RUNGKUT, AYOSURABAYA.COM -- Proses vaksinasi terhadap sejumlah tenaga kesehatan (nakes) tengah dikebut. Pada Minggu (31/1/2021) pagi ini, Pemerintah Kota (Pemkot) Surabaya melaksanakan vaksinasi Sinovac kepada para nakes beserta pekerja di Fasilitas Layanan Kesehatan (Fasyankes). 

Kepala Dinas Kesehatan Surabaya, Dr Febria Rachmanita menjelaskan, pelaksanaan vaksinasi serentak yang digelar di Graha Yayasan Kas Pembangunan (YKP) Surabaya itu diikuti para nakes dari 111 Fasyankes.

Bahkan, vaksinasi serentak tersebut memperoleh dihadiri langsung oleh  Plt Dirjen P2P Rein Rondonuwu, Plt Walikota Surabaya Whisnu Sakti Buana, dan Wakil Menteri Kesehatan Republik Indonesia, Dante Saksono Harbuwono. 

Febria menyebutkan, vaksinasi di Graha YKP itu dihadiri 4.557 nakes. Namun, pada ratusan Fasyankes, atau tepatnya 111 Fasyankes yang dijadikan lokasi pelaksanaan vaksin diikuti sebanyak 3.100 pekerja dan nakes di Fasyankes tersebut.

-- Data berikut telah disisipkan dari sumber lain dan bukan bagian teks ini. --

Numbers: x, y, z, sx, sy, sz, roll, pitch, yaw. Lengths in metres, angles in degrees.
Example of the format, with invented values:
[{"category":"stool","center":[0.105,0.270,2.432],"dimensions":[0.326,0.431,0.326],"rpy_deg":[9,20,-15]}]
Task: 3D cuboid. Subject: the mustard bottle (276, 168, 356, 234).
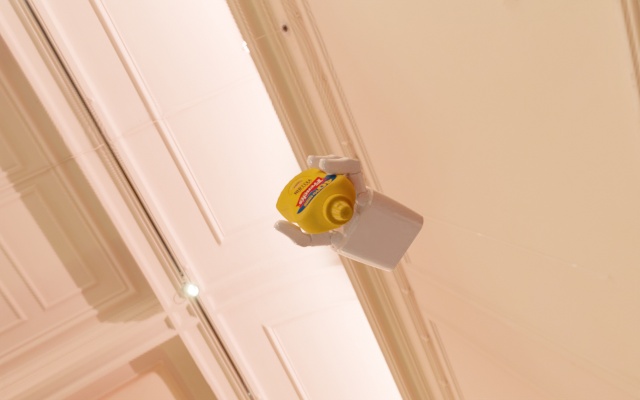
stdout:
[{"category":"mustard bottle","center":[0.000,0.002,0.692],"dimensions":[0.096,0.058,0.191],"rpy_deg":[-43,21,-9]}]

Proses vaksinasi pun dilakukan dengan protokol kesehatan (prokes) yang ketat, setiap tenaga vaksinator maupun penerima vaksin wajib mengenakan masker dan menjaga jarak. 

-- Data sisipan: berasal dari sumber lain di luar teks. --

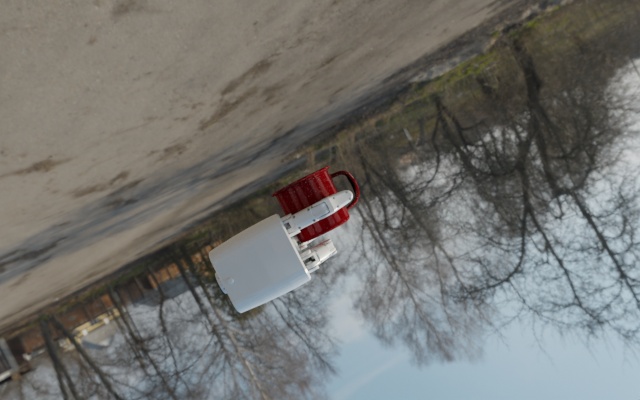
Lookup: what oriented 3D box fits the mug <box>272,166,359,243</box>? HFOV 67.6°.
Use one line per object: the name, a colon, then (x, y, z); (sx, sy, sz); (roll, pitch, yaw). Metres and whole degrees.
mug: (0.001, 0.002, 0.683); (0.117, 0.081, 0.093); (-27, 1, -4)
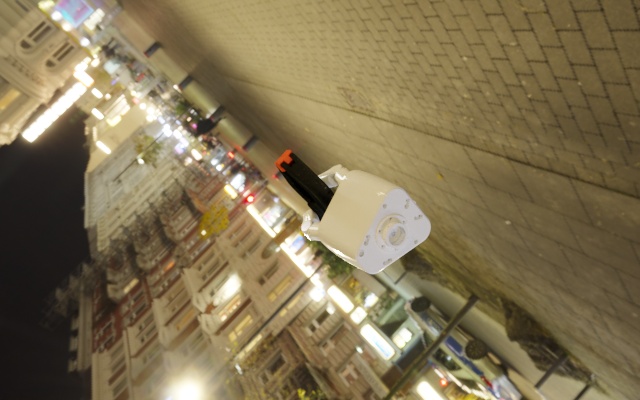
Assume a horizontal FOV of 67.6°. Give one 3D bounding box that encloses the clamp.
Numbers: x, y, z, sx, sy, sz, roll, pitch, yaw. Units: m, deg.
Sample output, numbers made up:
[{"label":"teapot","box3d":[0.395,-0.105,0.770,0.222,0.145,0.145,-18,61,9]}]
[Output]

Sedangkan, pada sisi luar gedung, antrean calon penerima vaksin diatur petugas gabungan dari Linmas dan Satpol PP Pemkot Surabaya. 

Febria menegaskan, program vaksinasi serentak tersebut merupakan pelaksanaan program Pemerintah Pusat untuk mempercepat proses vaksinasi. Pasalnya, Pemkot Surabaya juga menargetkan vaksinasi pertama tuntas pada hari ini kepada seluruh nakes yang ada.

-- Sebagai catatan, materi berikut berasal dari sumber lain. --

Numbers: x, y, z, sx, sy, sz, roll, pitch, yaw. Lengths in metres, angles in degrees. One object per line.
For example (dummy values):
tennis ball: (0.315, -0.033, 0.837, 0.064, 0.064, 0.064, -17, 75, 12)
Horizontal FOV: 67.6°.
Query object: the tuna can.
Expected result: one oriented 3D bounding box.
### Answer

“Ada 7.500 yang mendapat vaksin secara serentak," tandasnya. 

"Khusus di sini ada sekitar 350 tenaga yang terdiri dari tim pendata, tim skrining, dan vaksinator,” kata Febria menambahkan, Minggu (31/1/2021)
 
Usai pelaksanaan program vaksinasi itu tuntas, Febria menuturkan Pemkot Surabaya akan langsung melakukan penyuntikan tahap ke-2. Dalam tahap ke-2 itu, pihaknya menargetkan tuntas dalam waktu dua pekan. 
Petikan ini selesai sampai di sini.